Le Sénat a adopté à l'unanimité une proposition de loi pour adapter le droit aux réalités ultramarines. Réduit de 40 à 24 articles, le texte a suscité des crispations avant son vote. Détails avec notre partenaire RCI.
Le Sénat a adopté, ce mercredi 17 juin, à l'unanimité une proposition de loi pour adapter le droit des Outre-mer. Il s'agit donc d'adapter les normes nationales aux caractéristiques et contraintes spécifiques des territoires ultramarins. Il contient des demandes précises, en majorité formulées par ces derniers.
Le texte, qui comportait au départ 40 articles, est passé à 24 avant son examen, et d'autres encore ont été supprimés en chemin. La sénatrice de Saint-Barthélemy Micheline Jacques, à l'initiative du texte avec la délégation sénatoriale aux Outre-mer dont elle est la présidente, expliquait il y a quelques jours sur notre antenne que cela avait été la condition pour que celui-ci soit inscrit à l'ordre du jour.
Un premier pas
«Le texte est perfectible» a d'emblée reconnu Micheline Jacques à la tribune. Mais selon la sénatrice: «c'était maintenant ou peut-être jamais pour cette proposition de loi,» qui était dans les tiroirs depuis plus d'un an et demi.

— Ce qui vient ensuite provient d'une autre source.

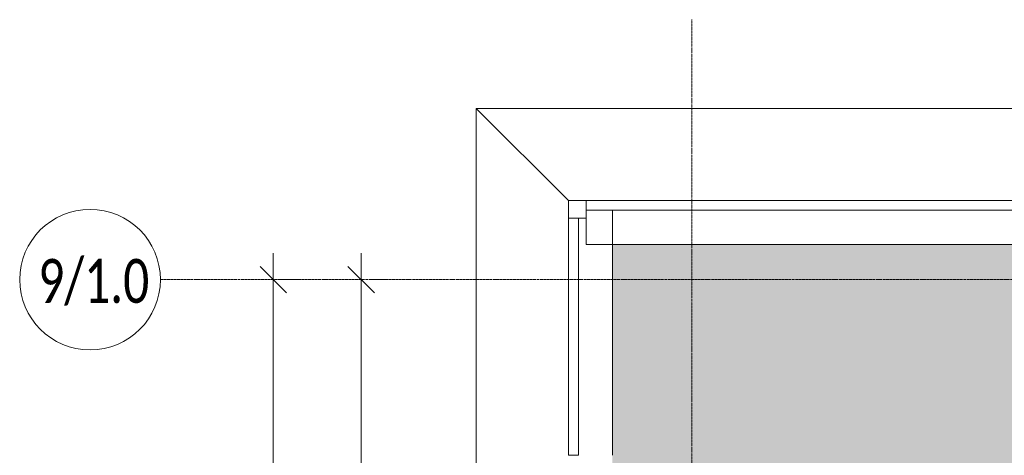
# Model space of a CAD drawing. Header units: millimetres. Extents: x -547442 to 178656, y -69521 to 11064.
# Tile 148 of 256: x -196124 to -190526, y -11527 to -9047. Entities that reach past the tile are written whole.
import ezdxf

# ---------------------------------------------------------------- set-up
doc = ezdxf.new("R2010")
doc.units = ezdxf.units.MM
doc.linetypes.add('-D1d1-15x02', pattern=[19, 15, -2, 0, -2])
doc.layers.get('Defpoints').update_dxf_attribs({"color": 31})
for name, color, linetype, lineweight in [('_0', 7, 'Continuous', 13), ('A-ANNO-DIMS', 8, 'Continuous', 5), ('A-GLAZ-CURT', 8, 'Continuous', 5), ('A-GLAZ-CWMG', 8, 'Continuous', 5), ('I-WALL', 7, 'Continuous', 5), ('S-GRID', 7, 'Continuous', 5), ('S-GRID-IDEN', 7, 'Continuous', 5), ('Ограждение', 7, 'Continuous', 5), ('Поручни', 7, 'Continuous', 5)]:
    doc.layers.add(name, color=color, linetype=linetype, lineweight=lineweight)
doc.styles.add('Calibri Light', font='calibril.ttf', dxfattribs={"width": 0.8, "height": 250})
doc.styles.add('Calibri Light_2', font='calibril.ttf', dxfattribs={"width": 0.75, "height": 250})
doc.dimstyles.new('2_5', dxfattribs={"dimscale": 304.8, "dimtxt": 294.337106, "dimasz": 0.492126, "dimexe": 0.492126, "dimexo": 0.492126, "dimgap": 0, "dimtad": 1, "dimdec": 0, "dimrnd": 5, "dimdsep": 46, "dimtxsty": 'Calibri Light', "dimblk1": 'OBLIQUE', "dimblk2": 'OBLIQUE', "dimsah": 1, "dimcen": 0.09, "dimdle": 0.492126, "dimazin": 0, "dimtfac": 1, "dimtdec": 4, "dimtix": 1, "dimtmove": 0, "dimatfit": 3, "dimfxl": 1, "dimtvp": 1, "dimtolj": 1, "dimtzin": 0, "dimlwd": 5, "dimlwe": 5, "dimarcsym": 2})

# ---------------------------------------------------------------- blocks, each defined once
blk = doc.blocks.new('System Panel - A_PAN_Glass-3038086-50_AS_M_L04')
at = {"layer": 'A-GLAZ-CURT'}
for p, q in [((675, 55), (-675, 55)), ((-675, 55), (-675, 0)), ((-675, 0), (675, 0)), ((675, 0), (675, 55))]:
    blk.add_line(p, q, dxfattribs=at)
blk = doc.blocks.new('Rectangular Mullion - R_StandardFrame_50Wx250H-3574686-50_AS_M_L04')
at = {"layer": 'A-GLAZ-CWMG'}
blk.add_line((-500, 28250), (-500, 29645), dxfattribs=at)
blk = doc.blocks.new('Quad Corner Mullion - Q_0_100_-50-3004896-50_AS_M_L04')
at = {"layer": 'A-GLAZ-CWMG', "lineweight": 9}
for p, q in [((0, 0), (-100, 0)), ((-100, 0), (-100, -100)), ((0, -100), (0, 0)), ((-100, -100), (0, -100))]:
    blk.add_line(p, q, dxfattribs=at)
blk = doc.blocks.new('System Panel - A_PAN_Glass-3574690-50_AS_M_L04')
at = {"layer": 'A-GLAZ-CURT'}
for p, q in [((1350, 55), (-1350, 55)), ((-1350, 55), (-1350, 0)), ((-1350, 0), (1350, 0)), ((1350, 0), (1350, 55))]:
    blk.add_line(p, q, dxfattribs=at)
blk = doc.blocks.new('Rectangular Mullion - R_StandardFrame_50Wx250H-3574689-50_AS_M_L04')
at = {"layer": 'A-GLAZ-CWMG'}
for q in [(-650, 29600), (2050, 29450)]:
    blk.add_line((-650, 29450), q, dxfattribs=at)
blk = doc.blocks.new('Ограждение - Ограждение-4620478-50_AS_M_L04')
at = {"layer": 'Поручни'}
for p, q in [((16400, 30175), (-1225, 30175)), ((-1225, 30175), (-700, 29650)), ((-1225, 30175), (-1225, 18050))]:
    blk.add_line(p, q, dxfattribs=at)
blk = doc.blocks.new('RST_AR_KMN_R22_B3_FCD_rvt-1-50_AS_M_L04')
at = {"layer": 'A-GLAZ-CURT', "lineweight": 5}
for name, p, rotation in [('System Panel - A_PAN_Glass-3574690-50_AS_M_L04', (700, 29700), 180), ('System Panel - A_PAN_Glass-3038086-50_AS_M_L04', (-750, 28925), 270.0000000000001)]:
    blk.add_blockref(name, p, dxfattribs=dict(at, rotation=rotation))
at = {"layer": 'A-GLAZ-CWMG', "lineweight": 5, "rotation": 90.00000000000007}
blk.add_blockref('Quad Corner Mullion - Q_0_100_-50-3004896-50_AS_M_L04', (-750, 29700), dxfattribs=at)
at = {"layer": 'A-GLAZ-CWMG', "lineweight": 5}
for name in ['Rectangular Mullion - R_StandardFrame_50Wx250H-3574686-50_AS_M_L04', 'Rectangular Mullion - R_StandardFrame_50Wx250H-3574689-50_AS_M_L04']:
    blk.add_blockref(name, (0, 0), dxfattribs=at)
at = {"layer": 'Ограждение', "lineweight": 5}
blk.add_blockref('Ограждение - Ограждение-4620478-50_AS_M_L04', (-50, 50), dxfattribs=at)
blk = doc.blocks.new('Ось сетки - 8D-802830-50_AS_M_L04')
at = {"layer": 'S-GRID-IDEN'}
blk.add_circle((0, 0), 4, dxfattribs=at)
blk = doc.blocks.new('_Oblique')
at = {"color": 0, "linetype": 'ByBlock', "lineweight": -2}
blk.add_line((-0.5, -0.5), (0.5, 0.5), dxfattribs=at)
blk = doc.blocks.new('*D12006')
at = {"layer": 'A-ANNO-DIMS', "color": 0, "lineweight": 5, "transparency": 16777216}
for p, q in [((-194182.7, -19076.5), (-194182.7, -10376.5)), ((-194138.8, -10526.5), (-194032.7, -10526.5)), ((-194138.8, -18926.5), (-194032.7, -18926.5))]:
    blk.add_line(p, q, dxfattribs=at)
at = {"layer": 'Defpoints', "color": 0, "transparency": 16777216}
for p in [(-194288.8, -10526.5), (-194182.7, -10526.5), (-194288.8, -18926.5)]:
    blk.add_point(p, dxfattribs=at)
at = {"layer": 'A-ANNO-DIMS', "color": 0, "lineweight": 5, "transparency": 16777216, "xscale": 150, "yscale": 150, "zscale": 150}
for p, rotation in [((-194182.7, -10526.5), 90), ((-194182.7, -18926.5), 270)]:
    blk.add_blockref('_Oblique', p, dxfattribs=dict(at, rotation=rotation))
at = {"layer": 'A-ANNO-DIMS', "color": 0, "transparency": 16777216, "insert": (-194310.4, -14726.5), "char_height": 250, "width": 799.053, "attachment_point": 5, "rotation": 90, "style": 'Calibri Light'}
blk.add_mtext('\\A1;8400', dxfattribs=at)
blk = doc.blocks.new('*D12007')
at = {"layer": 'A-ANNO-DIMS', "color": 0, "lineweight": 5, "transparency": 16777216}
for p, q in [((-194682.7, -39876.5), (-194682.7, -10376.5)), ((-194638.8, -10526.5), (-194532.7, -10526.5)), ((-194638.8, -39726.5), (-194532.7, -39726.5))]:
    blk.add_line(p, q, dxfattribs=at)
at = {"layer": 'Defpoints', "color": 0, "transparency": 16777216}
for p in [(-194788.8, -10526.5), (-194682.7, -10526.5), (-194788.8, -39726.5)]:
    blk.add_point(p, dxfattribs=at)
at = {"layer": 'A-ANNO-DIMS', "color": 0, "lineweight": 5, "transparency": 16777216, "xscale": 150, "yscale": 150, "zscale": 150}
for p, rotation in [((-194682.7, -10526.5), 90), ((-194682.7, -39726.5), 270)]:
    blk.add_blockref('_Oblique', p, dxfattribs=dict(at, rotation=rotation))
at = {"layer": 'A-ANNO-DIMS', "color": 0, "transparency": 16777216, "insert": (-194810.4, -25126.5), "char_height": 250, "width": 978.55, "attachment_point": 5, "rotation": 90, "style": 'Calibri Light'}
blk.add_mtext('\\A1;29200', dxfattribs=at)

msp = doc.modelspace()

# ---------------------------------------------------------------- hatches: boundary and pattern name
at = {"layer": '_0', "transparency": 33554534}
h = msp.add_hatch(color=252, dxfattribs=at)
h.dxf.hatch_style = 1
h.paths.add_polyline_path([(-186002.9, -33026.5), (-186002.9, -29776.5), (-183952.9, -29776.5), (-183952.9, -25726.5), (-179002.9, -25726.5), (-179002.9, -27226.5), (-177452.9, -27226.5), (-177452.9, -20826.5), (-185852.9, -20826.5), (-185852.9, -19026.5), (-187502.9, -19026.5), (-187502.9, -17026.5), (-182952.9, -17026.5), (-182952.9, -18726.5), (-163952.9, -18726.5), (-163952.9, -17026.5), (-160672.9, -17026.5), (-160672.9, -19026.5), (-161752.9, -19026.5), (-161752.9, -20826.5), (-169752.9, -20826.5), (-169752.9, -29776.5), (-161802.9, -29776.5), (-161802.9, -30176.5), (-161302.9, -30176.5), (-161302.9, -33026.5), (-163452.9, -33026.5), (-163452.9, -31876.5), (-183852.9, -31876.5), (-183852.9, -33026.5)], flags=16)
h.paths.add_polyline_path([(-192753.7, -10325.7), (-154802.1, -10325.7), (-154802.1, -40277.3), (-192753.7, -40277.3)])

# ---------------------------------------------------------------- linework, layer by layer
at = {"layer": 'I-WALL'}
for p, q in [((-192753.7, -11526.5), (-192753.7, -10325.7)), ((-192753.7, -10325.7), (-190202.9, -10325.7)), ((-192752.9, -10326.5), (-192752.9, -11526.5)), ((-190202.9, -10326.5), (-192752.9, -10326.5))]:
    msp.add_line(p, q, dxfattribs=at)
at = {"layer": 'S-GRID', "linetype": '-D1d1-15x02'}
for p, q in [((-192302.9, -42472.4), (-192302.9, -9046.8)), ((-195323.9, -10526.5), (-153344.6, -10526.5))]:
    msp.add_line(p, q, dxfattribs=at)

# ---------------------------------------------------------------- block references
at = {"lineweight": 5}
msp.add_blockref('RST_AR_KMN_R22_B3_FCD_rvt-1-50_AS_M_L04', (-192252.9, -39776.5), dxfattribs=at)
at = {"layer": 'S-GRID-IDEN', "xscale": 99.99999999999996, "yscale": 99.99999999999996, "zscale": 99.99999999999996, "rotation": 270}
msp.add_blockref('Ось сетки - 8D-802830-50_AS_M_L04', (-195723.9, -10526.5), dxfattribs=at)

# ---------------------------------------------------------------- texts
at = {"layer": 'S-GRID-IDEN', "insert": (-196018.4, -10408.8), "char_height": 250, "width": 701.477, "attachment_point": 1, "style": 'Calibri Light_2'}
msp.add_mtext('9/1.0', dxfattribs=at)

# ---------------------------------------------------------------- dimensions: what is measured, and where the dimension line sits
at = {"layer": 'A-ANNO-DIMS'}
for base, p1, p2, override, picture, middle in [((-194682.7, -10526.5), (-194788.8, -39726.5), (-194788.8, -10526.5), {"dimpost": '<>', "dimfxl": 29200}, '*D12007', (-194810.4, -25126.5)), ((-194182.7, -10526.5), (-194288.8, -18926.5), (-194288.8, -10526.5), {"dimpost": '<>', "dimfxl": 8400}, '*D12006', (-194310.4, -14726.5))]:
    dim = msp.add_linear_dim(base=base, p1=p1, p2=p2, angle=90, dimstyle='2_5', override=override, dxfattribs=at)
    dim.commit()
    dim.dimension.update_dxf_attribs({"geometry": picture, "text_midpoint": middle})

doc.saveas('drawing.dxf')

Pour les élus de gauche en revanche, la déception était là, comme l'a fait savoir la sénatrice de la Réunion, Audrey Belim : « Alors oui, cette proposition de loi portait un espoir immense. Et c'est précisément parce que nous y avons cru que notre déception est à la mesure de l'ambition initiale.»
Mais les débats ont finalement été apaisés. Et à la sortie de l'hémicycle, le sénateur Victorin Lurel se montrait plutôt satisfait de ce qui avait été obtenu : «C'est vrai qu'il y a eu des critiques légitimes. Pour autant, personne n'a cassé la corde, personne n'a rompu. Mais la politique, c'est ça. Chacun exprime sa différence. Après, il faut trouver les compromis. Et là, dans l'hémicycle, ça a été magnifique.»
Des mesures pour les Outre-mer
Le texte a donc pour objectif de donner plus de souplesse pour que l'action publique soit plus efficace localement.
Il prévoit, par exemple pour les Antilles, de déléguer tout ou une partie de la gestion des aides au logement aux collectivités, d'octroyer des subventions aux communes pour lutter contre l'habitat indigne, de mettre en place un volontariat en entreprise en outre-mer sur le modèle du VIE (volontariat international en entreprise), ou encore d'ouvrir un casino dans la partie française de Saint-Martin.
Des amendements votés en séance ont aussi acté un dispositif spécifique pour élargir les règles d'implantation de casinos dans les autres territoires d'outre-mer qui le souhaitent.
Vers l'Assemblée nationale
Ce texte ne prétend pas tout régler, mais doit s'inscrire dans la durée, a de son côté affirmé la ministre des Outre-mer, Naima Moutchou : «Ce texte permet de poser un principe, d'ouvrir une méthode et de tracer un chemin, celui d'un État qui écoute ces territoires, qui adapte son droit à leur réalité. C'est un premier exercice appelé à se renouveler»
La proposition de loi, qui va désormais être transmise à l'Assemblée nationale, doit en effet être réexaminée tous les ans pour faire évoluer les adaptations et en ajouter de nouvelles.